■ YOUR GOAL ■
Copy out each line of the material in which the word "loaded" appears.

·····

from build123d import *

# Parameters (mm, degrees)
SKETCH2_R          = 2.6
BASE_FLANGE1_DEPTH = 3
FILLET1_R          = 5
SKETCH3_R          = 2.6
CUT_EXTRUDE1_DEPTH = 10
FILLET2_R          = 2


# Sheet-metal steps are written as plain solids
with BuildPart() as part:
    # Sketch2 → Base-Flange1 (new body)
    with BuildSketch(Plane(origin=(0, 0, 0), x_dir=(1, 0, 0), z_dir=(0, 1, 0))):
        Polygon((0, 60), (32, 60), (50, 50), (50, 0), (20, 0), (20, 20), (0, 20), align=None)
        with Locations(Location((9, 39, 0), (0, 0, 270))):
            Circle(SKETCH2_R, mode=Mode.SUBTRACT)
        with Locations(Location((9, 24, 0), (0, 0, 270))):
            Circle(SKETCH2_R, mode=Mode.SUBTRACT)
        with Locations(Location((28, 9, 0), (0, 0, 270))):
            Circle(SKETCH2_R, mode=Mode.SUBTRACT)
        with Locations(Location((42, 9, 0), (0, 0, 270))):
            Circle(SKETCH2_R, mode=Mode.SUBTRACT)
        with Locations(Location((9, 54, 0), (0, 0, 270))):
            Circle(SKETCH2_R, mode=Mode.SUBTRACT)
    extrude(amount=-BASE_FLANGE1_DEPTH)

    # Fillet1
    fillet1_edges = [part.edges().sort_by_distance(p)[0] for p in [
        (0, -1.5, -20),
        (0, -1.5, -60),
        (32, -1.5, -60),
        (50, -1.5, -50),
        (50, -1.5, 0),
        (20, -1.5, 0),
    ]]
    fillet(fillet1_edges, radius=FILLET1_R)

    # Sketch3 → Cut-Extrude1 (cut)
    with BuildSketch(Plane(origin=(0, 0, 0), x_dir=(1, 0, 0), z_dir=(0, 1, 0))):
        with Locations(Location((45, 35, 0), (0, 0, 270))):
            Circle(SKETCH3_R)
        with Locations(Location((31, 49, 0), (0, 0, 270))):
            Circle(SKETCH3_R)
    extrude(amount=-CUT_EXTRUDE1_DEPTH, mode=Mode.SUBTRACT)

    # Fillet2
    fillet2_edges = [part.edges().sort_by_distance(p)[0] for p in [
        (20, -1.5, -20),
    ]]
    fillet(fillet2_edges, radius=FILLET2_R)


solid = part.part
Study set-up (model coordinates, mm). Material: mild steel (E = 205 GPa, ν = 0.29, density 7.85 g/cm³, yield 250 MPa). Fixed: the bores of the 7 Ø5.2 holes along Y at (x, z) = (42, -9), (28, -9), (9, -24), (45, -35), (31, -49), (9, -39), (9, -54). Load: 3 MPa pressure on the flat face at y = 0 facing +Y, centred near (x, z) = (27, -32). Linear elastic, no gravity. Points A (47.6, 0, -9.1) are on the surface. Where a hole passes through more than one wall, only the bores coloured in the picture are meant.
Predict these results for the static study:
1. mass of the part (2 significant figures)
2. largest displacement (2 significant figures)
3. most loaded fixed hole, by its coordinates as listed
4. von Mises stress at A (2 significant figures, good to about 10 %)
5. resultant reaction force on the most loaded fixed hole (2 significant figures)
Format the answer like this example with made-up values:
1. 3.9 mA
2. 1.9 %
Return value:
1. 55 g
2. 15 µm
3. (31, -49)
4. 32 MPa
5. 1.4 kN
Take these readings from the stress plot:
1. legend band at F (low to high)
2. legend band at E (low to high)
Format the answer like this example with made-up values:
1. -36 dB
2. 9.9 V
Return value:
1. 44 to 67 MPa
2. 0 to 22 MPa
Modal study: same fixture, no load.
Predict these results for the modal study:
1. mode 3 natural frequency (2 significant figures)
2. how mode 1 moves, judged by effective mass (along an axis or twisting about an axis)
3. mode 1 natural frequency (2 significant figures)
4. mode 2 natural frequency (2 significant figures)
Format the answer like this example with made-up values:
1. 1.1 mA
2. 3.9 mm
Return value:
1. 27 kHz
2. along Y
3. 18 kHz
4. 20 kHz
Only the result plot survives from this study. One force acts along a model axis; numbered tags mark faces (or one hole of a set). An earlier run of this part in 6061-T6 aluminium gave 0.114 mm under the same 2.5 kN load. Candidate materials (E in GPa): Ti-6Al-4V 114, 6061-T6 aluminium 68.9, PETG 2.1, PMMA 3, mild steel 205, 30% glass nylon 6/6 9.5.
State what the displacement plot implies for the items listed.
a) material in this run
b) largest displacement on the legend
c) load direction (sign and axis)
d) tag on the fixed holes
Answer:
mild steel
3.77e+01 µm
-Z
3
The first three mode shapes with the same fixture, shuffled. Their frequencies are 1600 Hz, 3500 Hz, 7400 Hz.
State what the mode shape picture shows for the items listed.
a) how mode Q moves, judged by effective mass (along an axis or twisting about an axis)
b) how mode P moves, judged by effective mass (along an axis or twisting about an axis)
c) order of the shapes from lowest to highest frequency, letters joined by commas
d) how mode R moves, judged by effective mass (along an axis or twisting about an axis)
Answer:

·····

■ SOLVED PROBLEM ■
3. most loaded fixed hole, by its coordinates as listed
5. resultant reaction force on the most loaded fixed hole (2 significant figures)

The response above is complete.